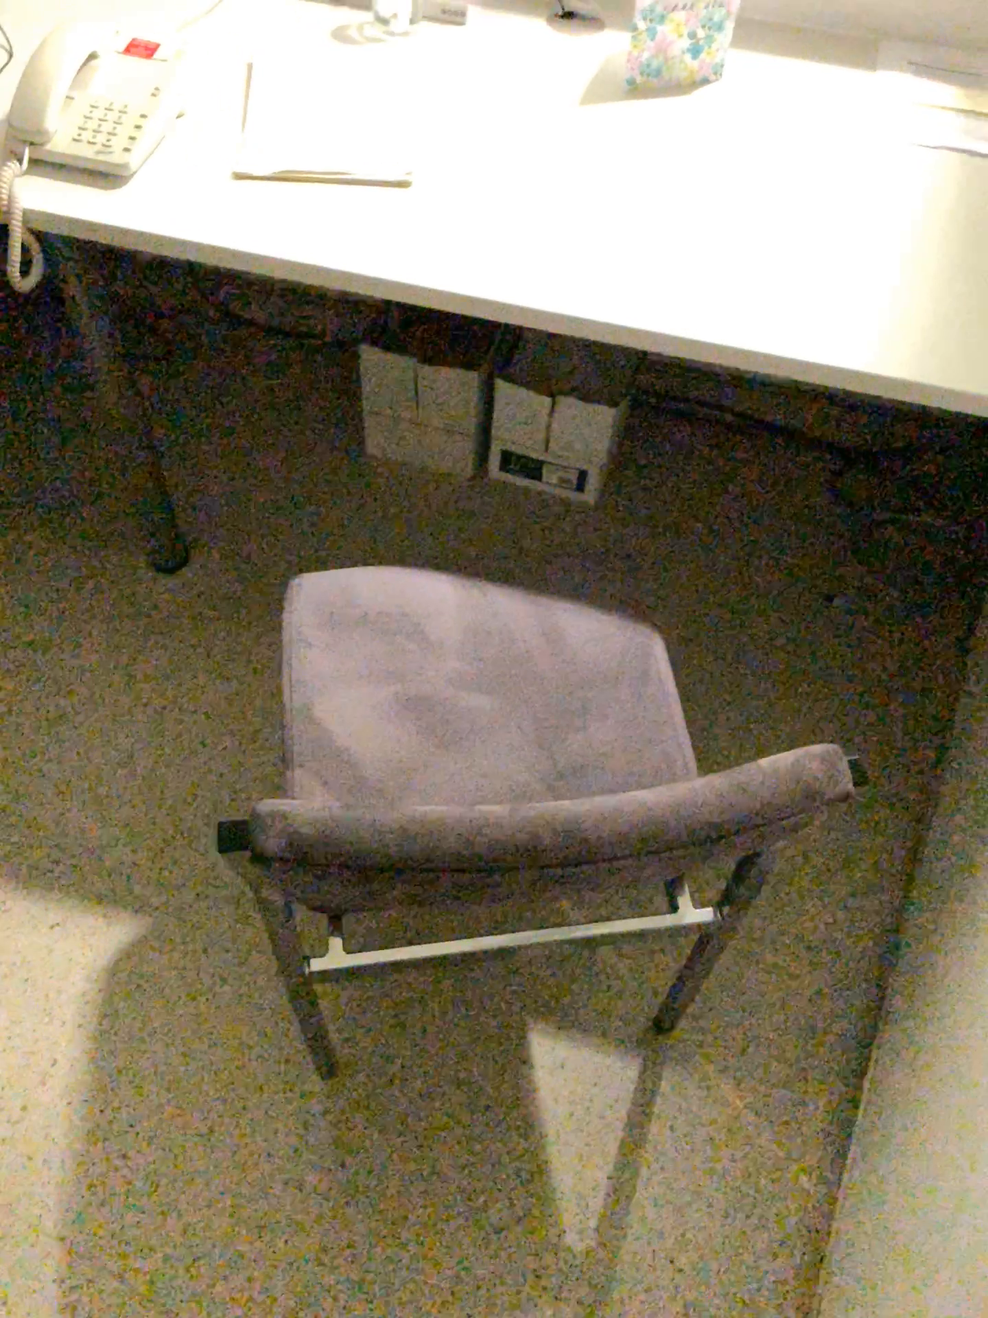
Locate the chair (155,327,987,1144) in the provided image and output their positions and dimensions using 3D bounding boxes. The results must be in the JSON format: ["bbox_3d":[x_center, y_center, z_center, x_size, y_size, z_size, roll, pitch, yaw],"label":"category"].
[{"bbox_3d":[0.014,0.116,1.072,0.540,0.695,0.544,-3,53,-7],"label":"chair"}]
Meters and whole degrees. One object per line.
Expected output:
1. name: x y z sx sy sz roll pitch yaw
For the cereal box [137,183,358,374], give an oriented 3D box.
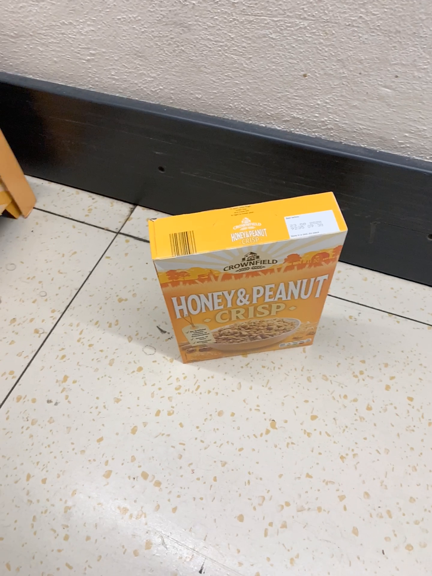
1. cereal box: 0.032 0.009 0.508 0.190 0.268 0.050 -9 58 -3
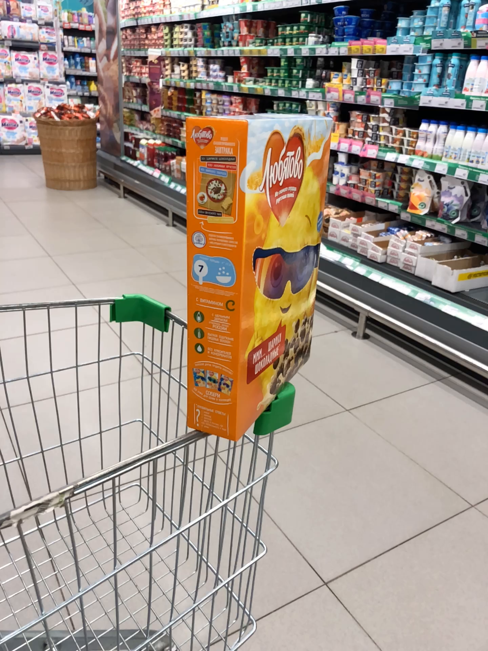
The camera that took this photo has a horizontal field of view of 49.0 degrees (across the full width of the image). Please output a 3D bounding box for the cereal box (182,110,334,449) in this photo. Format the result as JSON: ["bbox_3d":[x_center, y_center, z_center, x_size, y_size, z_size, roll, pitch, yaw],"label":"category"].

TRY IT » Each entry above should be written out again exactly, without its pictures.

WRITTEN SOLUTION »
Locate the chair (155,327,987,1144) in the provided image and output their positions and dimensions using 3D bounding boxes. The results must be in the JSON format: ["bbox_3d":[x_center, y_center, z_center, x_size, y_size, z_size, roll, pitch, yaw],"label":"category"].
[{"bbox_3d":[0.014,0.116,1.072,0.540,0.695,0.544,-3,53,-7],"label":"chair"}]
Meters and whole degrees. One object per line.
Expected output:
1. name: x y z sx sy sz roll pitch yaw
For the cereal box [137,183,358,374], give an oriented 3D box.
1. cereal box: 0.032 0.009 0.508 0.190 0.268 0.050 -9 58 -3
The camera that took this photo has a horizontal field of view of 49.0 degrees (across the full width of the image). Please output a 3D bounding box for the cereal box (182,110,334,449) in this photo. Format the result as JSON: ["bbox_3d":[x_center, y_center, z_center, x_size, y_size, z_size, roll, pitch, yaw],"label":"category"].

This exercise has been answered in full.